Tod answered 5/11, 2020 at 10:51 Comment(0)

I see so many wonderful solutions to this problem I personally was looking for a solution for getting the first and last day of the previous month when I stmbled on this question.

But here is a solution I like to think is quite simple and elegant:

date = datetime.datetime.now().date()
same_time_next_month = date + datetime.timedelta(days = date.day)
first_day_of_next_month_from_date = same_time_next_month - datetime.timedelta(days = same_time_next_month.day - 1)
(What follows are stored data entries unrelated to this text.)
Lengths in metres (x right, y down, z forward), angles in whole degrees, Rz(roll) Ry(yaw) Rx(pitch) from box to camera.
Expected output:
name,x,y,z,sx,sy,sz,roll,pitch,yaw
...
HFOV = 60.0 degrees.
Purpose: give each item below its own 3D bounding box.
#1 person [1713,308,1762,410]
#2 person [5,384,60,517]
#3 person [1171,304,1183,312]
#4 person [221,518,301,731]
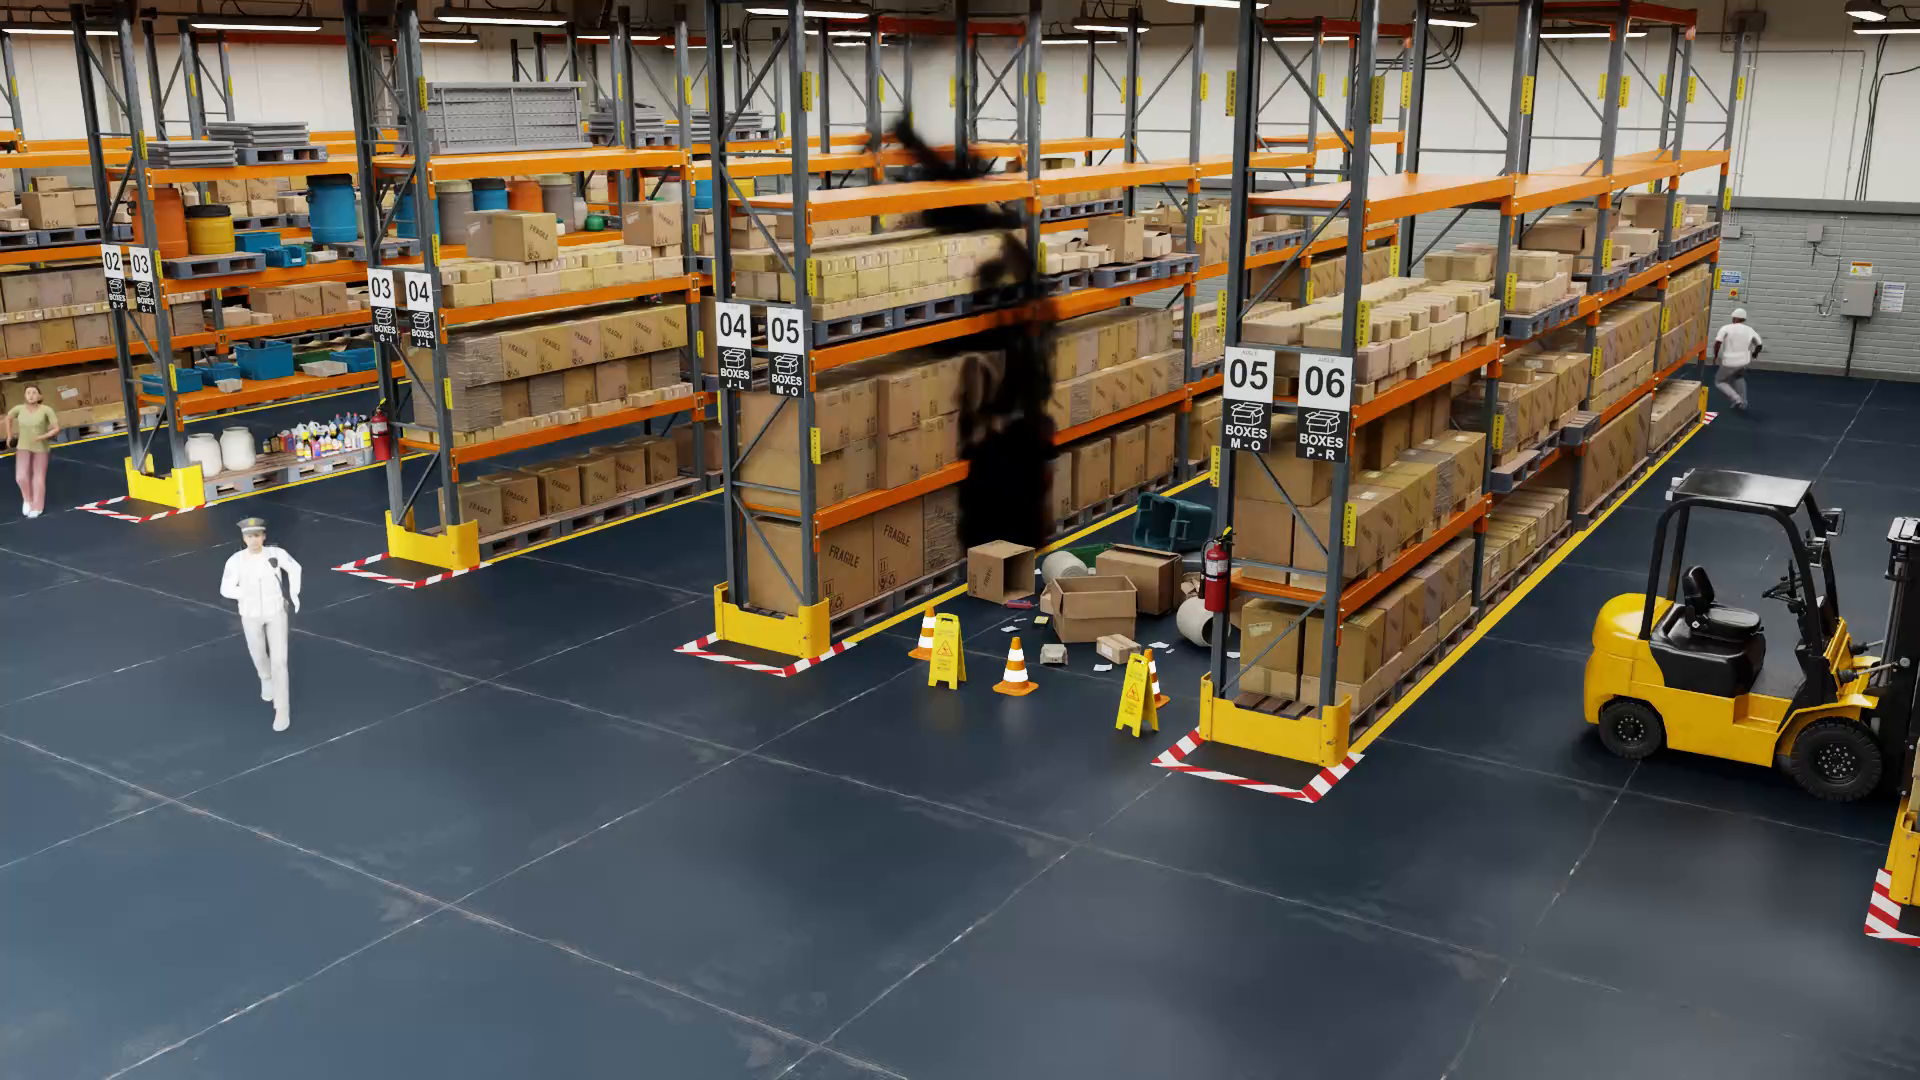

Here we simply add the day of the target date to the date to get the same time of the next month, and then remove the number of days elapsed from the new date gotten.
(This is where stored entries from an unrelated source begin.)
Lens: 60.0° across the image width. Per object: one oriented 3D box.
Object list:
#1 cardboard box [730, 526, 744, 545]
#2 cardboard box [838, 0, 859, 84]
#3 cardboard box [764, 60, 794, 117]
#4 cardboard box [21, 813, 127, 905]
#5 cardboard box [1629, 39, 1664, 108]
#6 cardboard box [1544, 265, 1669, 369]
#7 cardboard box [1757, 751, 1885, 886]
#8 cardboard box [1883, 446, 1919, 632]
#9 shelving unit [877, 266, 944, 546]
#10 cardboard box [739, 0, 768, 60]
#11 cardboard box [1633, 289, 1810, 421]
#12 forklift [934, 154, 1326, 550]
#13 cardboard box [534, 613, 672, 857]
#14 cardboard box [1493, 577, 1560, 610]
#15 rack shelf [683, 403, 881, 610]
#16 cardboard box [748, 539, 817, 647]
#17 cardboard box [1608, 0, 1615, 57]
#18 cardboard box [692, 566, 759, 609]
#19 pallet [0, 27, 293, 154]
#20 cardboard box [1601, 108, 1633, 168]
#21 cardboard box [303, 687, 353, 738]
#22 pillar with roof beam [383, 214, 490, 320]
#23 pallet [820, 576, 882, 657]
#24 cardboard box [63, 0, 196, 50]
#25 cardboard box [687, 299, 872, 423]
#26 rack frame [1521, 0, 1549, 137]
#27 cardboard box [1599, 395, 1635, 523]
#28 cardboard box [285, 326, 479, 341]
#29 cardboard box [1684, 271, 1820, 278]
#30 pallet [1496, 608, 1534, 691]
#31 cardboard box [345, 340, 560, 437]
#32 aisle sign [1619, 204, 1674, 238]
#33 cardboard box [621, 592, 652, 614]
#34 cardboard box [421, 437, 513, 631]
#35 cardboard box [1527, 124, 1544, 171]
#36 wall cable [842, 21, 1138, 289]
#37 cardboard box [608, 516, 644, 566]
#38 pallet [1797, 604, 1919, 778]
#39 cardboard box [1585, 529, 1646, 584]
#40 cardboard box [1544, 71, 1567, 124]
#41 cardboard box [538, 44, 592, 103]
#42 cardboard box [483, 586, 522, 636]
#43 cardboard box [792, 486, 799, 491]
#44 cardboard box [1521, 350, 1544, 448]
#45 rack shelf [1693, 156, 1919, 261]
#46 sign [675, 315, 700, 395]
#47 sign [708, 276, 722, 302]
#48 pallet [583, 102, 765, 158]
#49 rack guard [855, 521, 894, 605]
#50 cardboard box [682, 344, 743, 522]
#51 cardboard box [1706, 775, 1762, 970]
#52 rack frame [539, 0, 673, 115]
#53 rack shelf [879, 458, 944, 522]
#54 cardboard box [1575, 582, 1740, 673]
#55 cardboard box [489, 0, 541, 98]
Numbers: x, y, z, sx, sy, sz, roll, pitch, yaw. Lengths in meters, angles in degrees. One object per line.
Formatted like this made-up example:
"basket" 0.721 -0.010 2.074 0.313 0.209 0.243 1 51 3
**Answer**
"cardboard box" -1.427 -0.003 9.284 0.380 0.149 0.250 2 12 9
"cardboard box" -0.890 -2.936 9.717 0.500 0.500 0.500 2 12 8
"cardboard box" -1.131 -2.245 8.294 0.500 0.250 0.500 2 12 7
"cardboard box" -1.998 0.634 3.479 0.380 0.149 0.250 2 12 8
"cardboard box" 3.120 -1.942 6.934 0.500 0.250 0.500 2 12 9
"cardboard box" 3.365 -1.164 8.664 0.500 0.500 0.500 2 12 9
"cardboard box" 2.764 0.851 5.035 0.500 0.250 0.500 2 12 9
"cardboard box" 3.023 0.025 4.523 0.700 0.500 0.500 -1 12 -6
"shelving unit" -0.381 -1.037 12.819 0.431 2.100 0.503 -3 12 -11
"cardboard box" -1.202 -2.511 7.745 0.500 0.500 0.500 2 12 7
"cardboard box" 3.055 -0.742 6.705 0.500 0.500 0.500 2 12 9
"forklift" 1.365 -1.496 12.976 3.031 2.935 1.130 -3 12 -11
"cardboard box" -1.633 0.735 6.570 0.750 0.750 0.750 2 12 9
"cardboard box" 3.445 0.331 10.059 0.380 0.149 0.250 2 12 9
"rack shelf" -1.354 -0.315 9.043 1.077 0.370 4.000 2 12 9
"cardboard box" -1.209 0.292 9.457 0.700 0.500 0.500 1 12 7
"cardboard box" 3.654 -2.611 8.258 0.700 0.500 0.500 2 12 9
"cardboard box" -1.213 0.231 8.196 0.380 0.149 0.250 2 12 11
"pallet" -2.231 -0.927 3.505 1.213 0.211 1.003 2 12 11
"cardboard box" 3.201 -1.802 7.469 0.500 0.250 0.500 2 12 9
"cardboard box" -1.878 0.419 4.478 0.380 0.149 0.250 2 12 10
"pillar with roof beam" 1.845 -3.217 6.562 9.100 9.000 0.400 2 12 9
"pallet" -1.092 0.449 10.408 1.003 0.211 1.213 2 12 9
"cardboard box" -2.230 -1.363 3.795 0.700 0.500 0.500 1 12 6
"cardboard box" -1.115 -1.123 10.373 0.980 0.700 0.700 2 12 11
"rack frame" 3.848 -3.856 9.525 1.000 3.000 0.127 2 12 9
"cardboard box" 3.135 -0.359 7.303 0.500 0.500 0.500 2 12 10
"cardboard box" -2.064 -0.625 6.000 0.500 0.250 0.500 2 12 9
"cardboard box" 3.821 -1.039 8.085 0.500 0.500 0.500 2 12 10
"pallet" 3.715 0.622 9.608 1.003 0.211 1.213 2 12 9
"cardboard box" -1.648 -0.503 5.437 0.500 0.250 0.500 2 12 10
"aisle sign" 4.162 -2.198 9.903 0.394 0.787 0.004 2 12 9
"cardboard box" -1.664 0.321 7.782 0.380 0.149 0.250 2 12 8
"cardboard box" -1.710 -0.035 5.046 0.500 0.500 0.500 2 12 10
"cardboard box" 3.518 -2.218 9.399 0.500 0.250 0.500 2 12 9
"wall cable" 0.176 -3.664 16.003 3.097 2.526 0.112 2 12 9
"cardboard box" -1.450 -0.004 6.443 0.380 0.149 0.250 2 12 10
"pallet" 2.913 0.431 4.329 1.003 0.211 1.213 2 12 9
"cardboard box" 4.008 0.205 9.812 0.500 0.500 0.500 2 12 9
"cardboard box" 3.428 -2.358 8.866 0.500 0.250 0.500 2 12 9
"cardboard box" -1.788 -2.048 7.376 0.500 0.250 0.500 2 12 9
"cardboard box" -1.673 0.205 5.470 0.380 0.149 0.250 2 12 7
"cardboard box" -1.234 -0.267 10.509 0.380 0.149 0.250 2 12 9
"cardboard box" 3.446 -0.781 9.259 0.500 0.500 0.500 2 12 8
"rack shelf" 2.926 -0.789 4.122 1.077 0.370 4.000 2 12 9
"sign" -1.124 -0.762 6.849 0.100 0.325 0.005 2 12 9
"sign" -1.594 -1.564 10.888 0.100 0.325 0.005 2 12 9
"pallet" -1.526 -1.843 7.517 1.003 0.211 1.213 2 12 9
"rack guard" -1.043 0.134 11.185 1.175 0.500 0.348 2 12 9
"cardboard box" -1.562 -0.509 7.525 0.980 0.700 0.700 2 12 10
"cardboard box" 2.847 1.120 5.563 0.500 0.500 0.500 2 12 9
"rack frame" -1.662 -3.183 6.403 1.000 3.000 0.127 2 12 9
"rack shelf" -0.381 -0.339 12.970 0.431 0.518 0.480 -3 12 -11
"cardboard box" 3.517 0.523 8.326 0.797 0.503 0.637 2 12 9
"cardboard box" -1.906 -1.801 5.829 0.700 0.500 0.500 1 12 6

Arsenate answered 28/1, 2021 at 5:25 Comment(0)

Try this, for starting day of each month, change MonthEnd(1) to MonthBegin(1):

import pandas as pd
from pandas.tseries.offsets import MonthBegin, MonthEnd

date_list = (pd.date_range('2021-01-01', '2022-01-31', 
              freq='MS') + MonthEnd(1)).strftime('%Y-%m-%d').tolist()
date_list

Out:

['2021-01-31',
 '2021-02-28',
 '2021-03-31',
 '2021-04-30',
 '2021-05-31',
 '2021-06-30',
 '2021-07-31',
 '2021-08-31',
 '2021-09-30',
 '2021-10-31',
 '2021-11-30',
 '2021-12-31',
 '2022-01-31']

Razee answered 13/1, 2022 at 8:20 Comment(0)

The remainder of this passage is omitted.